Sì, ma questo è vero anche per yahoo (ho un account mail che non ho mai cancellato), per google (io NON conosco le regole di Gmail, e ho scoperto da poco che se voglio più spazio di memoria devo pagare, e non so bene cosa ci fanno con tutte le informazioni che IO ACCETTO DI DARGLI in cambio di un client di posta elettronica che per me non ha rivali e che sono disposto a tenermi così, con tutti gli ads contestuali sulla colonna di destra che si adattano al contenuto delle mie mail) e vale anche per Amazon (che mi dà dei consigli a volte utilissimi, a volte senza senso) e per mille altri snodi di scambio di merci e/o informazioni, come cercavo di dire. Il fatto che il mondo funzioni anche attraverso transazioni economiche non mi spaventa. Credo nella reciprocità come forma fondamentale dello scambio economico, così come l'ha descritta Marcell Mauss e come funziona in Wikipedia e altri wiki cooperativi. Fb mi sta bene per alcune cose, come invitare le persone alla mia campagna per fare in modo che l'Istituto Centrale per la DemoEtnoantropologia sia diretto da un antropologo (e non da uno storico dell'arte, come vuole il suo regolamento attuale) e continuerò a usarlo in questo modo. Se poi salta fuori il compagno del liceo che mi chiede come sto anche se per cinque anni in classe non ci siamo scambiati una parola, o l'ex studente del mio corso che mi manda un "invito a bere una birra virtuale", non credo che la mia vita venga omologata da questo, e non mi importa come qualche orrendo Grande Vecchio potrà usare la terribile notizia che mi sono iscritti al gruppo "fan di Italo Calvino".


 

>In definitiva non capisco dove sta lo scarto che rilevi: se c'è omologazione non ci può essere cambiamento.

Anche su questo punto finale, io provo a essere un po' pragmatico: chi l'ha detto che omologazione e cambiamento non possano convivere in un ircocervo come Facebook? Per ogni stronzo che monta un gruppo "contro gli zingari" c'è un Tiziano Scarpa che è fan di Alfred Erik Leslie Satie e di Andreï Tarkovski, e io credo che Tiziano sappia benissimo cosa farci col suo "essere fan" e mi posso anche aspettare che il suo essere fan domani produca un cambiamento dentro Fb, o anche solo dentro uno stronzo che smette di fare gruppi contro gli zingari e magari si fa convincere a diventare un fan di Tarkovski. A me pare che da questo punto di vista Fb faccia paura per il motivo congiunto che sembra facilmente controllabile ma insieme complesso come la vita ordinaria, e quindi ci fa temere che la vita ordinaria possa essere facilmente controllabile. Invece, delle due premesse (Fb è controllabile, Fb somiglia alla complicatezza della vita ordinaria) solo la seconda è vera, e lo è solo in parte.

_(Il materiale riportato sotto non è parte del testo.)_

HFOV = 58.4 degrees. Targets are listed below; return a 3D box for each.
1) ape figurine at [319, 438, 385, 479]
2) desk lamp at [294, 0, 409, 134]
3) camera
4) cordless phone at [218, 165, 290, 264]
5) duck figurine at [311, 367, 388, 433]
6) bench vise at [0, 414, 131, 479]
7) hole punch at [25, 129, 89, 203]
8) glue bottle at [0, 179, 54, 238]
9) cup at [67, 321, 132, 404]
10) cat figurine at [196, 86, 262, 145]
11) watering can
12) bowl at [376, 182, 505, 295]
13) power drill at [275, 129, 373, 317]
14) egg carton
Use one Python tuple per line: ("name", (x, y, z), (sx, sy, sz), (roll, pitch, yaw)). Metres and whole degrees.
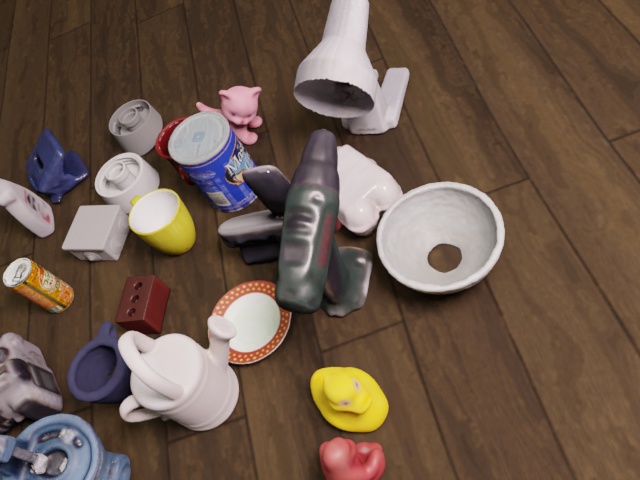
("ape figurine", (0.030, 0.255, 0.661), (0.077, 0.092, 0.076), (22, 70, 30))
("desk lamp", (0.052, -0.257, 0.890), (0.117, 0.214, 0.203), (4, 62, 23))
("camera", (-0.484, 0.231, 0.858), (0.137, 0.101, 0.142), (-40, 55, -6))
("cordless phone", (-0.091, -0.049, 0.833), (0.147, 0.185, 0.094), (-12, 57, 13))
("duck figurine", (0.028, 0.188, 0.707), (0.104, 0.086, 0.077), (24, 71, 30))
("bench vise", (-0.377, 0.285, 0.713), (0.207, 0.220, 0.121), (-19, 55, 9))
("hole punch", (-0.520, -0.143, 1.104), (0.101, 0.091, 0.108), (-41, 55, -7))
("glue bottle", (-0.547, -0.075, 1.023), (0.037, 0.173, 0.078), (-32, 55, 0))
("cup", (-0.293, 0.184, 0.820), (0.091, 0.095, 0.117), (-13, 57, 13))
("cat figurine", (-0.156, -0.228, 1.007), (0.127, 0.118, 0.067), (2, 61, 21))
("watering can", (-0.183, 0.165, 0.731), (0.100, 0.194, 0.173), (23, 70, 30))
("bowl", (0.164, 0.008, 0.773), (0.167, 0.075, 0.167), (-9, 58, 15))
("power drill", (0.007, 0.003, 0.752), (0.075, 0.209, 0.230), (1, 61, 21))
("egg carton", (0.049, -0.076, 0.870), (0.107, 0.070, 0.150), (-44, 56, -9))

Io da tempo non la penso così, da quando ho imparato che ogni tentativo di omologazione passa necessariamente per la comunicazione, ma ogni comunicazione passa necessariamente per la lettura di ognuno di noi, e quindi la nostra dimensione agentiva come soggetti interpretanti sottrae potere alle intenzioni omologanti dell'emittente. Fuori di metafora: Mark Zuckerberg può avere le peggiori intenzioni del mondo, ma non è detto affatto che le sue intenzioni siano le nostre, e non c'è per lui verso di avere la certezza che riuscirà a convincerci. Su questo i miei studi di antropologia dei media mi confortano: sono infiniti i casi di emittenti che speravano di trasmettere il loro "messaggio" e che si sono trovati con letture devastanti, del tutto contraddittorie rispetto a quello che avevano in mente. Facebook, con la sua caoticità, con la sua apertura a terze parti, è molto, molto più malleabile di qualunque canale televisivo, e quindi mi fa molto, molto meno paura.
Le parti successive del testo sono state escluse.